Saved data entries
----------

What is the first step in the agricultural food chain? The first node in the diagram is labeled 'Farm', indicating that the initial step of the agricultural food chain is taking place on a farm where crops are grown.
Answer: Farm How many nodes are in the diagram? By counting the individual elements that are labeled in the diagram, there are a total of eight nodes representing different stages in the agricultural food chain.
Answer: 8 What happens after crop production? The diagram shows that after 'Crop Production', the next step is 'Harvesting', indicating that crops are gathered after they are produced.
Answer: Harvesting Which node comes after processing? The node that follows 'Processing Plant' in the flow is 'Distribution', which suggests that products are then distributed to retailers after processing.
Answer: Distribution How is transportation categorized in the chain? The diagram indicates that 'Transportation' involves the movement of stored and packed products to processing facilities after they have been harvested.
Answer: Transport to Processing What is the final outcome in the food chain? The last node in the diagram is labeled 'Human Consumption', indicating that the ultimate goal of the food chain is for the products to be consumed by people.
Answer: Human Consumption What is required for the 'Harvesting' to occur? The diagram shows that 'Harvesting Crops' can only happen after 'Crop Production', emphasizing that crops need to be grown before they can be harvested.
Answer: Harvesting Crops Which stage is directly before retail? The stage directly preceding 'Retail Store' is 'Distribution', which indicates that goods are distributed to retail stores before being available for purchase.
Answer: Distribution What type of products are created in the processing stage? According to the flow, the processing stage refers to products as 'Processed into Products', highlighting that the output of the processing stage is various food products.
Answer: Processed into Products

----------

## How to complete this task
The first line of the entries, the line with "Answer: Farm How", and every line between them should be retyped exactly, and nothing else.

## Solution below
What is the first step in the agricultural food chain? The first node in the diagram is labeled 'Farm', indicating that the initial step of the agricultural food chain is taking place on a farm where crops are grown.
Answer: Farm How many nodes are in the diagram? By counting the individual elements that are labeled in the diagram, there are a total of eight nodes representing different stages in the agricultural food chain.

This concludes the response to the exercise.